* Problem description:
Report each line of the data that has "text" somewhere in it.

* Entries shown:
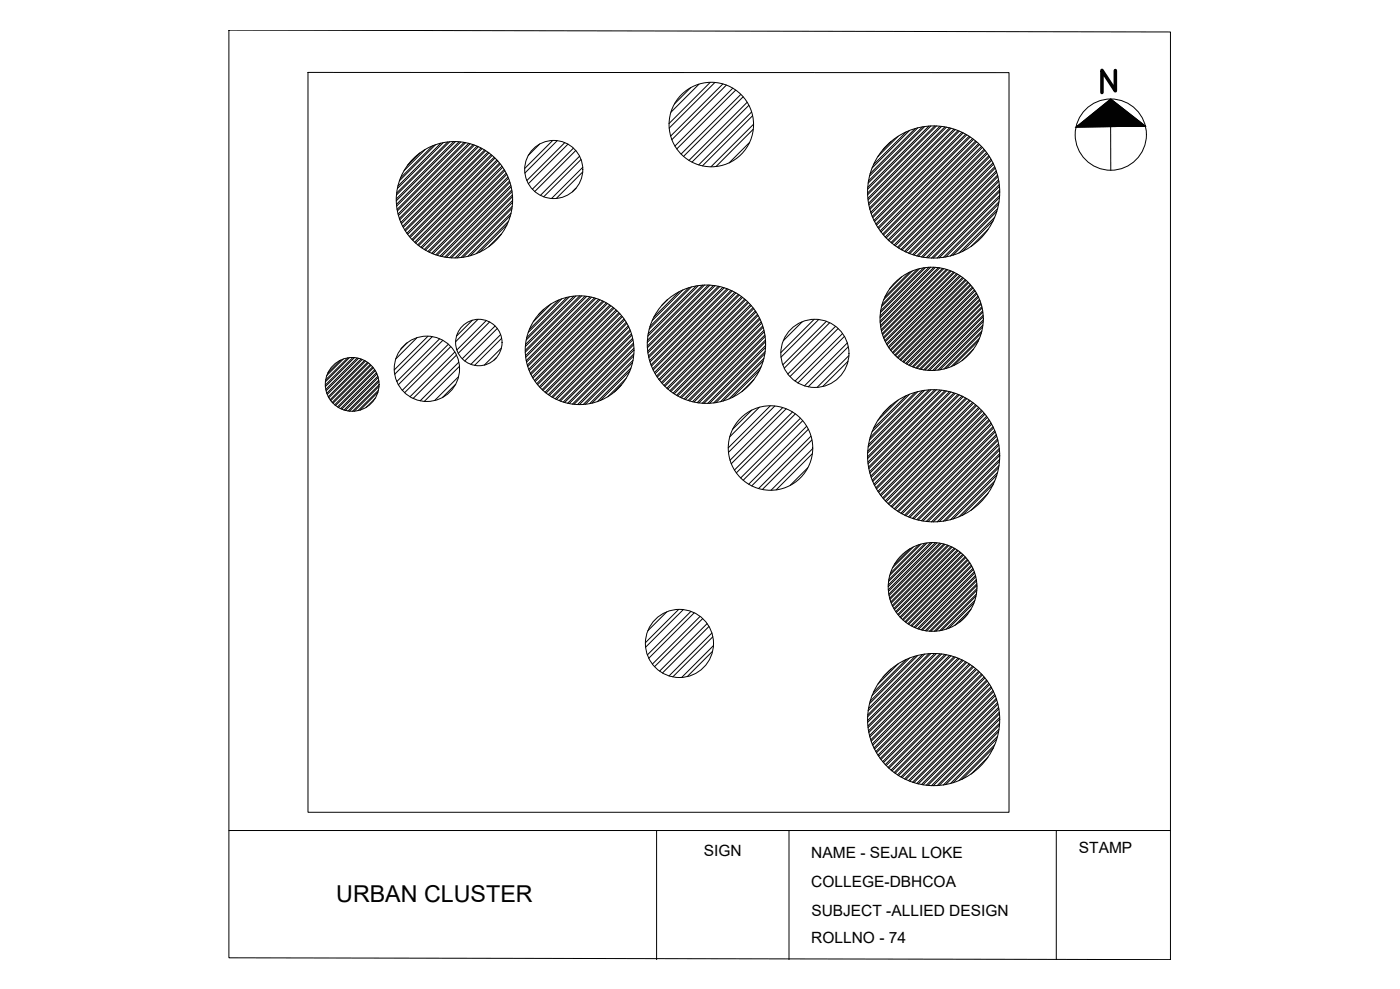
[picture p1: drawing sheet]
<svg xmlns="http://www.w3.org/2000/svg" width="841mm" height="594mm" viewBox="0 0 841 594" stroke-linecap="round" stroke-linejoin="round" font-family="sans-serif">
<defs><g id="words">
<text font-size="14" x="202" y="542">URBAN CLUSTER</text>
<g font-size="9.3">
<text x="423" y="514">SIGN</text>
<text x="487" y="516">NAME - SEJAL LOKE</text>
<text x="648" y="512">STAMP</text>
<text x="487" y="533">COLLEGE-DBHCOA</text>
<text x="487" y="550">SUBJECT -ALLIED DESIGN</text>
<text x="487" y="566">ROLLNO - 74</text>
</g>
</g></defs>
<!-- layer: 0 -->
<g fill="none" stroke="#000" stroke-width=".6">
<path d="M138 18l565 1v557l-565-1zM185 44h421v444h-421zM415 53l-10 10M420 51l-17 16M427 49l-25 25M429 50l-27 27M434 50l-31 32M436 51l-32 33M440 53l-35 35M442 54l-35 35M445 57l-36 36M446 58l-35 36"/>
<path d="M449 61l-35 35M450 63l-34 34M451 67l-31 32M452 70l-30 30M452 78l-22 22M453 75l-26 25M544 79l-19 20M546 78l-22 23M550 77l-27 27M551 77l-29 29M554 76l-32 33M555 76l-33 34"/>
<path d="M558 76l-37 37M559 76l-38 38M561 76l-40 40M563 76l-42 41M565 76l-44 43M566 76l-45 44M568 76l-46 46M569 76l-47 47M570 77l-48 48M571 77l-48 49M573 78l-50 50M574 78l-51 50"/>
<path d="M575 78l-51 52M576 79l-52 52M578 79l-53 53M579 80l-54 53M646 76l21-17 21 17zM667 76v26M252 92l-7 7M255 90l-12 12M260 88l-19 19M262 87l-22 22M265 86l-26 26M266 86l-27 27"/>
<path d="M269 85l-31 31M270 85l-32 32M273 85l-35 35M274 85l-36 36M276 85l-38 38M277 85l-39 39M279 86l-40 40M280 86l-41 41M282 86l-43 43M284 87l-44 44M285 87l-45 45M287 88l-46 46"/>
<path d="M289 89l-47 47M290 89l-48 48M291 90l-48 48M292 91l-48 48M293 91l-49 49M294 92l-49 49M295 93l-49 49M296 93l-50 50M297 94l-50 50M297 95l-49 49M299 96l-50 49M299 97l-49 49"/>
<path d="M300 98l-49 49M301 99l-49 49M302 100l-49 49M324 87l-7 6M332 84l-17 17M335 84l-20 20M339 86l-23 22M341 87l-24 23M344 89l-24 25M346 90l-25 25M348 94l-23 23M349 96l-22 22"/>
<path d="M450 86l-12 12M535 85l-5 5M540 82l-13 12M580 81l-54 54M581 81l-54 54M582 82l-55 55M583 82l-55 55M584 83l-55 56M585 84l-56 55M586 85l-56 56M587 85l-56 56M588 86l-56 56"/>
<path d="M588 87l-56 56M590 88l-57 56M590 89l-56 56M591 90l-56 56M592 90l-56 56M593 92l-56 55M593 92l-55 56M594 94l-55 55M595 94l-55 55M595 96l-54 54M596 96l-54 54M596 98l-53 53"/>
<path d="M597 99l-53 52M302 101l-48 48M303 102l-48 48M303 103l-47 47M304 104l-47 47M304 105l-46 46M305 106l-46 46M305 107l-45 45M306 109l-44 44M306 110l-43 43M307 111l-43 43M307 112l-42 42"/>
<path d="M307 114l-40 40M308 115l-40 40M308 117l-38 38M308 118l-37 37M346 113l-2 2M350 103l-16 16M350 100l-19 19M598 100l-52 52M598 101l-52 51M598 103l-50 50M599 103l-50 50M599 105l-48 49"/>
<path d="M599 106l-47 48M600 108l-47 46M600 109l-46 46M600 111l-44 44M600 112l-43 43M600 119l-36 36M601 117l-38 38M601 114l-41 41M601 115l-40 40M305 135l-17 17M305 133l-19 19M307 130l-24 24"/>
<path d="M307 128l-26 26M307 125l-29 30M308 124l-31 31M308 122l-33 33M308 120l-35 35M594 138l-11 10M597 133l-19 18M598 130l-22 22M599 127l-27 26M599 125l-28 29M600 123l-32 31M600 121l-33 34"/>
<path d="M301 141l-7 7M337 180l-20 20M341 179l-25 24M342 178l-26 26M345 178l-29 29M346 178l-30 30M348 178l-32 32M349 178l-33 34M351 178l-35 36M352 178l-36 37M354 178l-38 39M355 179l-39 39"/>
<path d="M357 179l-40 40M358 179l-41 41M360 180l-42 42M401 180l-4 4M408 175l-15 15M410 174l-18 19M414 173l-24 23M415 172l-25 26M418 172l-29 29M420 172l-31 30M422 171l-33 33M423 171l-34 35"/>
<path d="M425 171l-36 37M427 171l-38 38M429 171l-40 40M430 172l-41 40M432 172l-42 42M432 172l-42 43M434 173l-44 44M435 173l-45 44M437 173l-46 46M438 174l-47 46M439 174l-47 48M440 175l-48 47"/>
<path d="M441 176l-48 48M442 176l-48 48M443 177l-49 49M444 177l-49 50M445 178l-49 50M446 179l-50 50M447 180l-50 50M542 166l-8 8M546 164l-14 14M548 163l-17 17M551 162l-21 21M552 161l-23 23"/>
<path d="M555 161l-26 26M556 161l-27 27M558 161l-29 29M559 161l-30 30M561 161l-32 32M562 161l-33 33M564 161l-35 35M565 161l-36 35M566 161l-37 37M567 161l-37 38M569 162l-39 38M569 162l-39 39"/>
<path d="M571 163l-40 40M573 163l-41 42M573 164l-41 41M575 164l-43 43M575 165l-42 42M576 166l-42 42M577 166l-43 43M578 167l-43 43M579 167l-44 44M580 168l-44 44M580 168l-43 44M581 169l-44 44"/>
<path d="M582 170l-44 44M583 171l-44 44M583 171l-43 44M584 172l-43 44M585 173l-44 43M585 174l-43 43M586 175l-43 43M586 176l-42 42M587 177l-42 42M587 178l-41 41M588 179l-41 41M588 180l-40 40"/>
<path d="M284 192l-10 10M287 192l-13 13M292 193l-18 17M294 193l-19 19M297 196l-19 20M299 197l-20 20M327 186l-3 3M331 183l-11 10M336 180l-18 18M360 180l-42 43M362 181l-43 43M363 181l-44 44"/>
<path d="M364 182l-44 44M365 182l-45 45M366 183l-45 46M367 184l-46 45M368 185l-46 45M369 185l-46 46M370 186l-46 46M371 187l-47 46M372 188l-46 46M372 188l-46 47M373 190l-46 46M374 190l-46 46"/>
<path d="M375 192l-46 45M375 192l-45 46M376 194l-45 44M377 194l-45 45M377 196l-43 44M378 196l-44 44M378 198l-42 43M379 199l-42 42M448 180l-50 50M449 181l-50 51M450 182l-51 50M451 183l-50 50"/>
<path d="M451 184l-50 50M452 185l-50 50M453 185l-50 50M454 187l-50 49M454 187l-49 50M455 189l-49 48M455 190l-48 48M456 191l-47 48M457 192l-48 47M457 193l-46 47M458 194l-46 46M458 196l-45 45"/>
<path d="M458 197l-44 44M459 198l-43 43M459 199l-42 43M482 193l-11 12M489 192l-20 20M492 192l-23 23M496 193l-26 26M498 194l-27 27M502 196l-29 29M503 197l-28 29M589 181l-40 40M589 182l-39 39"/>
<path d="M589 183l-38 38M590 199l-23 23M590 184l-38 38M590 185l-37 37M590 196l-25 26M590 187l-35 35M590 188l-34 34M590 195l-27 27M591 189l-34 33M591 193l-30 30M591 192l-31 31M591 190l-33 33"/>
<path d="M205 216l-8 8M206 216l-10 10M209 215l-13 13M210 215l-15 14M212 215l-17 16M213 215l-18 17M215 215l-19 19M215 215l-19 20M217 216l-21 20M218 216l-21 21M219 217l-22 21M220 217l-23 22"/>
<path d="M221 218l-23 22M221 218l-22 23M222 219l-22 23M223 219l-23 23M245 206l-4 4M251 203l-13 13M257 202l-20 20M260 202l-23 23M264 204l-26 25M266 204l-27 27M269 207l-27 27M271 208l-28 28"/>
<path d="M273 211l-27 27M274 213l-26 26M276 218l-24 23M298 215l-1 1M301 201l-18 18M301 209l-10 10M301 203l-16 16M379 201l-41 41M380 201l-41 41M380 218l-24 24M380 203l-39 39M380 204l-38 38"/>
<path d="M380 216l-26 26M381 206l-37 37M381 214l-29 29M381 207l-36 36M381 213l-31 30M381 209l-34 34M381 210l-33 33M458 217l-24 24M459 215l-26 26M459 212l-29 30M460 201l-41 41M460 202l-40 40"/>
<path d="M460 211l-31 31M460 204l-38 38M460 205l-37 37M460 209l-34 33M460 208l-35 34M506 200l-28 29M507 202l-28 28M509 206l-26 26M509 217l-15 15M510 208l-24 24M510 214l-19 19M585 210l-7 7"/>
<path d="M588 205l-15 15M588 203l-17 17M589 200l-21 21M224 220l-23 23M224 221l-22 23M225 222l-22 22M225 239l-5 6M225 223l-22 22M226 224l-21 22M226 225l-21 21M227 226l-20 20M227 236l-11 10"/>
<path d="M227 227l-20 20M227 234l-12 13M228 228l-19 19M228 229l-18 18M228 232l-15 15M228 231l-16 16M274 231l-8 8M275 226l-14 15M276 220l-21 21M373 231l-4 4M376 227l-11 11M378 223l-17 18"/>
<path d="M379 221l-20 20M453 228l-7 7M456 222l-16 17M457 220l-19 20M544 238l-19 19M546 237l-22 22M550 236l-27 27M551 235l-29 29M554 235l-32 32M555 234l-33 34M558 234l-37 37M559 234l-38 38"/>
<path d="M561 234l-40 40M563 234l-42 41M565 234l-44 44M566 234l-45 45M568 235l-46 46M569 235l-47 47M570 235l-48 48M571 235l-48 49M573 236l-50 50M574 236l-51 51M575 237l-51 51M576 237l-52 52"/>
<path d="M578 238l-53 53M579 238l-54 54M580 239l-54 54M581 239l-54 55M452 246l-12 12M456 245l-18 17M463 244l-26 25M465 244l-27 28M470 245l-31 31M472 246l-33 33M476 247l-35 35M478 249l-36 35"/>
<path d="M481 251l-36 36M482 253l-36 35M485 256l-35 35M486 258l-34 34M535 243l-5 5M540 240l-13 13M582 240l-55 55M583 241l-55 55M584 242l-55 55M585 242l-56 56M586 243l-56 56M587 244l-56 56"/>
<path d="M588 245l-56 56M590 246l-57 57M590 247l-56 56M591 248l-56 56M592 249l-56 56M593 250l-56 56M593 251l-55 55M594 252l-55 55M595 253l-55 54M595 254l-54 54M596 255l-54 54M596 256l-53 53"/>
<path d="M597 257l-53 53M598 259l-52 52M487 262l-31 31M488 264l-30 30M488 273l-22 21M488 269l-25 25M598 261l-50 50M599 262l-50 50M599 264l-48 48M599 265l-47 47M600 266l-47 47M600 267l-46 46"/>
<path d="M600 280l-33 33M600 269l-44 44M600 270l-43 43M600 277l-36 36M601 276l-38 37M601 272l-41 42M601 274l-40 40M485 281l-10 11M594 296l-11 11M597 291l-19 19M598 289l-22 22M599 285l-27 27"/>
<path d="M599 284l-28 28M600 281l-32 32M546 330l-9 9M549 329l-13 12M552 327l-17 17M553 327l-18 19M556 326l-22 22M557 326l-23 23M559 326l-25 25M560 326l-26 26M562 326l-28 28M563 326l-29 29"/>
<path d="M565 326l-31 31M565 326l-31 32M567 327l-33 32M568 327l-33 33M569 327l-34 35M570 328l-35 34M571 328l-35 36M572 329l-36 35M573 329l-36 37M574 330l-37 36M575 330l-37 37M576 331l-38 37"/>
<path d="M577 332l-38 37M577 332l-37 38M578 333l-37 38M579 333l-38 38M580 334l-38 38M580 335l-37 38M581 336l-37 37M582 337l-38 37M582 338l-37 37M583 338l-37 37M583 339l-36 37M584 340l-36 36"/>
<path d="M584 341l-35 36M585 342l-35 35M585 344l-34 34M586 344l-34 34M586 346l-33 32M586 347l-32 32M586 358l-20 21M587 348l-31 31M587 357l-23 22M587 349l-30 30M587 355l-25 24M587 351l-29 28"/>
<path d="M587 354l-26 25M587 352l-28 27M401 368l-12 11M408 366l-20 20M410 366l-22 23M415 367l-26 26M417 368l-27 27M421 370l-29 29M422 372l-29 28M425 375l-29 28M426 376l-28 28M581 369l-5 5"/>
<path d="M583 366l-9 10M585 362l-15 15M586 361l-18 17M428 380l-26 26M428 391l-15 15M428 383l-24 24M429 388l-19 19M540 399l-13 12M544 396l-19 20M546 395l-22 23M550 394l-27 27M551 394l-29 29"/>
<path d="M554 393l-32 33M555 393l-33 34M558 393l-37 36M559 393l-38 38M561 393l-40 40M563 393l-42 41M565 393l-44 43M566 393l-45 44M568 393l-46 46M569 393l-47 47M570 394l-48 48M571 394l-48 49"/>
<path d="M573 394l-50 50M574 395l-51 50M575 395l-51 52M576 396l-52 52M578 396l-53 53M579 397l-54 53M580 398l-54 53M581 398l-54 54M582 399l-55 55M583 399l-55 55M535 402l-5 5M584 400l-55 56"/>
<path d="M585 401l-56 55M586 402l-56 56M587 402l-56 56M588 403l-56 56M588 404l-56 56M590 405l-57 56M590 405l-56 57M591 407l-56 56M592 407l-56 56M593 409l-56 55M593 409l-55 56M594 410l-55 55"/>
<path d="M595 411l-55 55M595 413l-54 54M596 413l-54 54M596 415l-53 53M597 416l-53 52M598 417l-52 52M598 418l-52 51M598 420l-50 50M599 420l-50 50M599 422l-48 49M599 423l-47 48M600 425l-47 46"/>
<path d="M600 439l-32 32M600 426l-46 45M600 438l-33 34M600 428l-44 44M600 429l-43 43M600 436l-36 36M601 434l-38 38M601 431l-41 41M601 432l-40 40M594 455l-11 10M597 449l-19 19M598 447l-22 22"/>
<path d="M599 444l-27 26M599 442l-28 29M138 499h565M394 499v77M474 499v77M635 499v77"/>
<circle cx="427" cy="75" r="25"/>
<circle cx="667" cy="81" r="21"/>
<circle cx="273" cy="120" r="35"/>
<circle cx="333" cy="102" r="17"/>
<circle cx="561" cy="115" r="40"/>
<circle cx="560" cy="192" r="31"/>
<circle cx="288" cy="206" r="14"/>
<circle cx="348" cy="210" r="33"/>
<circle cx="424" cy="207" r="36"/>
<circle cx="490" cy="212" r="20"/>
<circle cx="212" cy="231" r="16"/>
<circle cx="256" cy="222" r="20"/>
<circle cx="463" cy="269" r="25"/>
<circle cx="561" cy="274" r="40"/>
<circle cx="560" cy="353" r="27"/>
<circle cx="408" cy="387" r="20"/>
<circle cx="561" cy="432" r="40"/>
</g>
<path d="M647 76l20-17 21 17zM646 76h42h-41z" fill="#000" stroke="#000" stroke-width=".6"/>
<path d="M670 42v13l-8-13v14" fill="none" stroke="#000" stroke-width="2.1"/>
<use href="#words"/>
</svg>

* Written response:
<text font-size="14" x="202" y="542">URBAN CLUSTER</text>
<text x="423" y="514">SIGN</text>
<text x="487" y="516">NAME - SEJAL LOKE</text>
<text x="648" y="512">STAMP</text>
<text x="487" y="533">COLLEGE-DBHCOA</text>
<text x="487" y="550">SUBJECT -ALLIED DESIGN</text>
<text x="487" y="566">ROLLNO - 74</text>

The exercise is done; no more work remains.